Highest priority task keeps in running state blocking the other tasks

Hi, we are developing an application with PIC32MZ and near 14 tasks running in the RTOS, but one of those tasks (priority 5) is crashing the code, this task executes without issues for x (random) minutes then keeps in running state forever and blocks all the other tasks, this is a capture we get from tracealyzer, we are working with MPLAB.

fail:

this is the red task:

    void TCAN4x5x_vTaskWatchDog() {

        TickType_t xTicksToDelay = pdMS_TO_TICKS(300); // 300 ms
        TickType_t xLastWakeTime = xTaskGetTickCount();

        for (;;) {
            vTaskDelayUntil(&xLastWakeTime, xTicksToDelay);

            if (TEST_SWITCH_1_Get()) { //Switch acts as a board reset
                TCAN4x5x_WDT_Reset();
            }
            
            TCAN4x5x_SPI_Status status;
            TCAN_Device_ReadSPIStatus(&status);
            
            if(status.Internal_error_interrupt){
                CAN2sig_ICU_Error_Code.setValue(CAN2sig_ICU_Error_CodeVT_TCAN_Internal_Error);
            }else if(status.SPI_error_interrupt){
                CAN2sig_ICU_Error_Code.setValue(CAN2sig_ICU_Error_CodeVT_TCAN_SPI_Error);
            }

        }
    }

    void
    TCAN_Device_ReadSPIStatus(TCAN4x5x_SPI_Status *reg){
        reg->word = AHB_READ_32(REG_SPI_STATUS);
    }

Do you have any idea of what could cause this issue?

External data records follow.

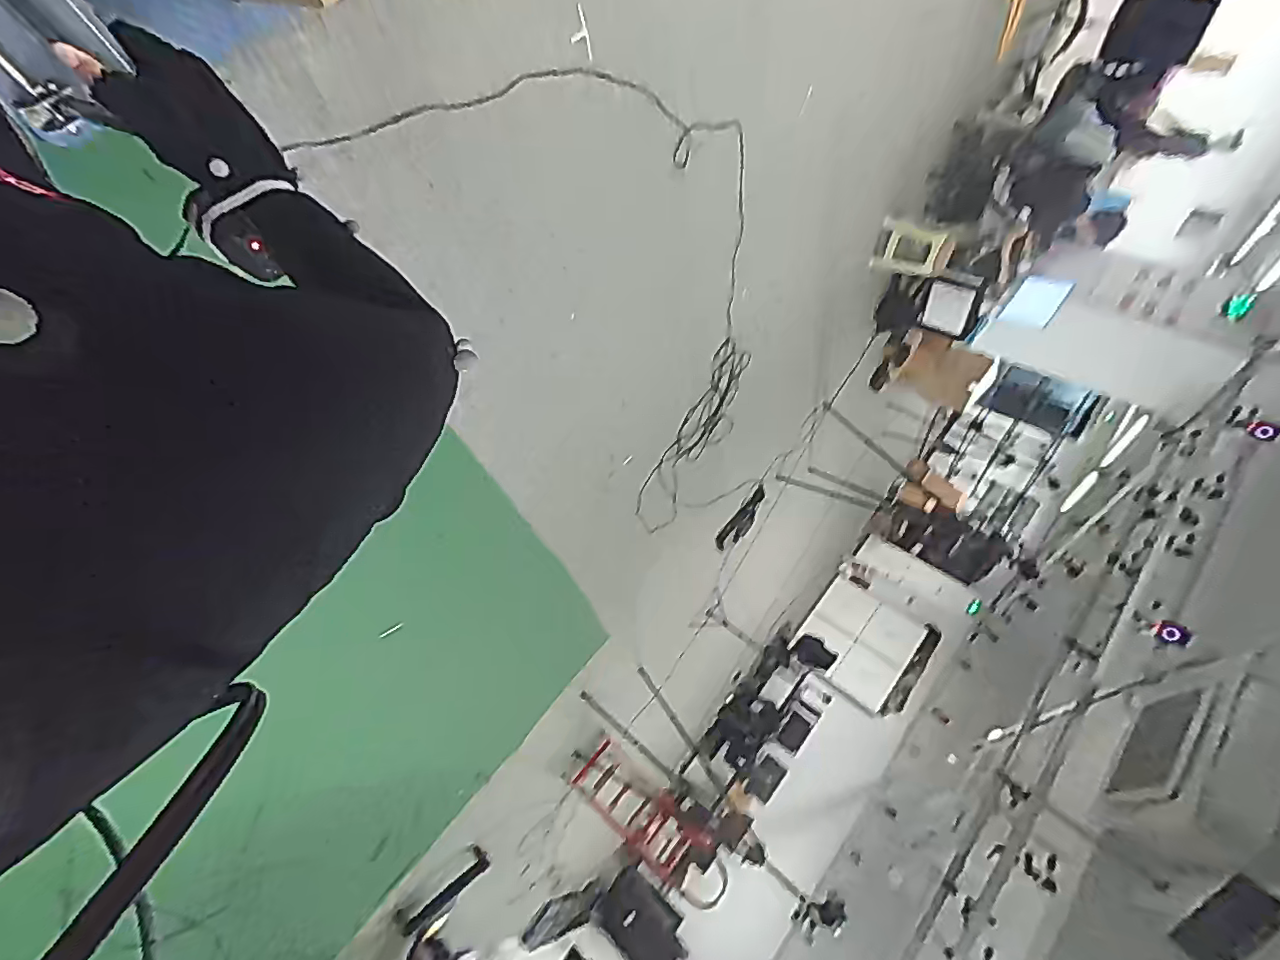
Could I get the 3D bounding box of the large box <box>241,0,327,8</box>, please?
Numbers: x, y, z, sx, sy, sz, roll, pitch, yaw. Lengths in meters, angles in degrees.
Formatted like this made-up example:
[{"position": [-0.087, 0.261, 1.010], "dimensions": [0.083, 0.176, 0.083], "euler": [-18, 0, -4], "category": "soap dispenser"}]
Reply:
[{"position": [-0.514, -0.924, 0.690], "dimensions": [0.320, 0.320, 0.408], "euler": [-51, 148, -14], "category": "large box"}]

also, the red task is not created inside the SYS_Tasks ( ); function, this task is created inside another task (one with lower priority), is this correct or all the tasks must be created inside SYS_Tasks ( )?

thanks

The only scenario I can think of here that involves FreeRTOS is that your xLastWakeTime gets overwritten somehere in the function body so that the wait always returns immediately. To test that theory, replace the wait until with an absolute wait and see if the behavior changes.

The usual debugging technique here is to add several counters in the infinite loop and monitor those counters via real time watch if your IDE allows for that.

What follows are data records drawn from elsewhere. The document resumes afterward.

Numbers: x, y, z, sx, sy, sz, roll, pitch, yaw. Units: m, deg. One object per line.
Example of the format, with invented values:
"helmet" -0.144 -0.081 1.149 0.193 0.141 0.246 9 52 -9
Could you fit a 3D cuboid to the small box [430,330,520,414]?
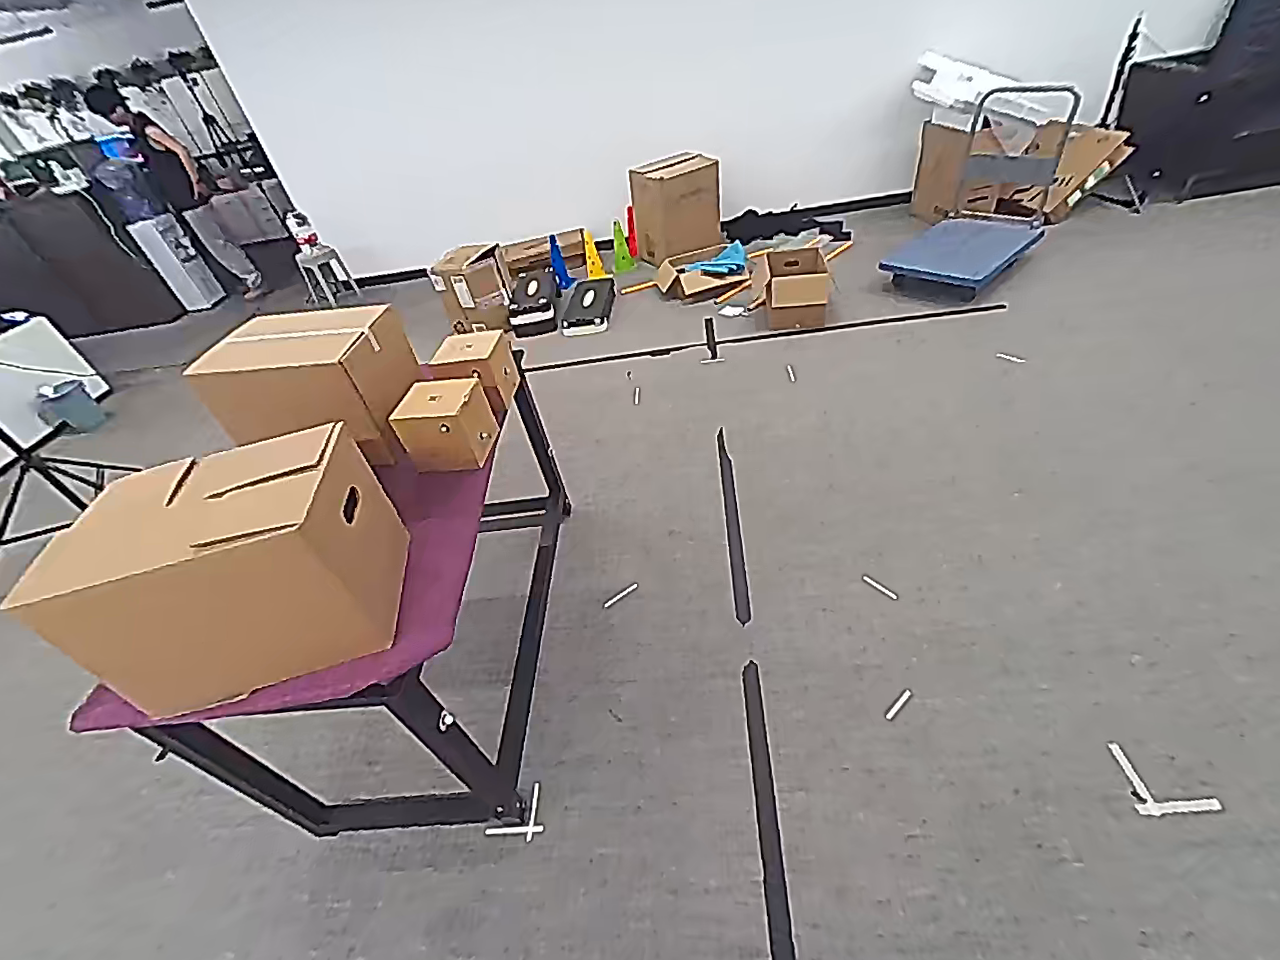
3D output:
"small box" -0.461 -0.307 1.545 0.179 0.176 0.168 -5 41 10

Another thing to check is to break it in debugger and see what the task is doing when it appears to be running forever.

Thanks.

Is it possible that this line of code gets stuck in a loop somewhere?

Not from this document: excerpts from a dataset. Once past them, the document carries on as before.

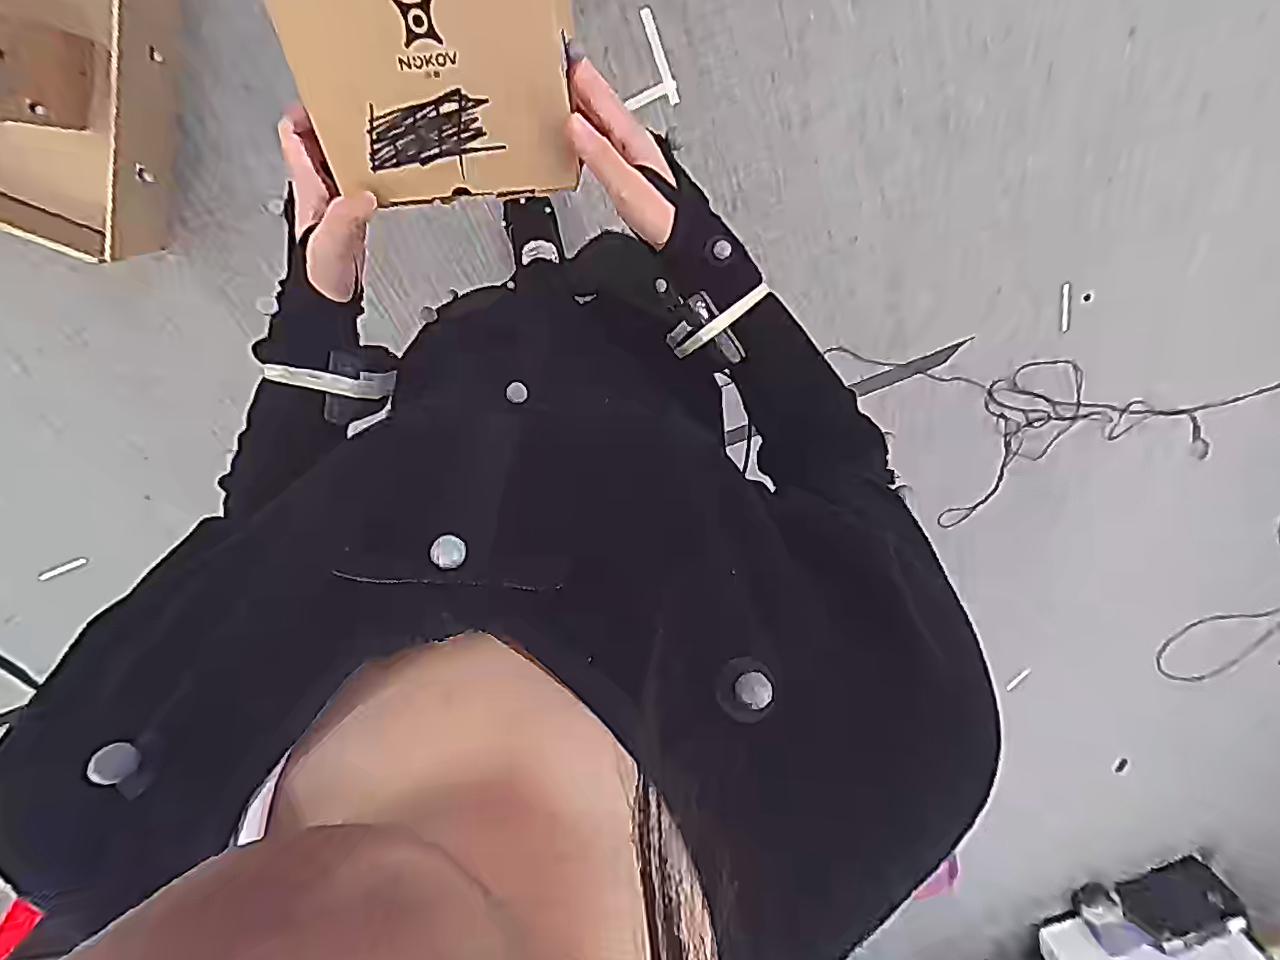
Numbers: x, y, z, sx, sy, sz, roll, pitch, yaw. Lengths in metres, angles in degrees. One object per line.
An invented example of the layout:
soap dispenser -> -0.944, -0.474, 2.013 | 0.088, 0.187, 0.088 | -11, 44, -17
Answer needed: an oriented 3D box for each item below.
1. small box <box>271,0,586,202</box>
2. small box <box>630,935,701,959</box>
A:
small box -> -0.130, -0.317, 0.380 | 0.168, 0.176, 0.179 | -5, 131, 0
small box -> 0.082, 1.378, 1.460 | 0.168, 0.176, 0.179 | -22, 118, 3

As per Gaurav’s suggestion - if you know the task is running then break in the debugger and see what it is executing - Pilot’s suggestion that it might be in TCAN_Device_ReadSPIStatus() would seem likely unless you just have a data corruption somewhere.

We have a task that runs every 1ms, it is recommended to have a task that executes at the same frequency that the RTOS tick?

Is that the task that’s trashing? Might be an issue with the delay until then. Again, test with an absolute wait.

Hi, but in that case the task would fail immediately but that is not the case, if you see the image the red task runs normally and suddenly keeps in running state

no, the task wit issues is detailed in the code y shared, it runs every 300ms with priority 5, the task running at 1ms is a task with priority 2 (color blue - QUECTEL_GNSS)

The task running at the same frequency as the RTOS tick shouldn’t be a problem, though you will likely find that it doesn’t ACTUALLY run every millisecond. That’s a whole separate issue though, and has nothing to do with this query.

As for this issue, you really need to break the debugger when it hangs in that task and find out what it’s doing. Until you know that, there’s not going to be much more anyone can tell you. In all likelihood, the RTOS isn’t forcing that task to stay active, the task itself if forcing the RTOS to allow it to remain active because it’s busy doing something.

No, it can theoretically fail at any time.

Again, you should first determine where in the infinite loop you are “stuck.” Either any of the functions called within the for loop is stuck in a “local” infinite loop, or the wait function always returns immediately without waiting, indicating some kind of Problem with the xLastWakeTime variable once your scenario is reached. To me it looks like all of the code in your body except the wait may be non yielding, so if the wait does not block, you would always run through the loop in a CPU bound computation.

It is fairly straightforward debugging to determine which of the two is the case. Several techniques have been proposed here. Once you have figured out which of the two scenarios hold, the rest is routine.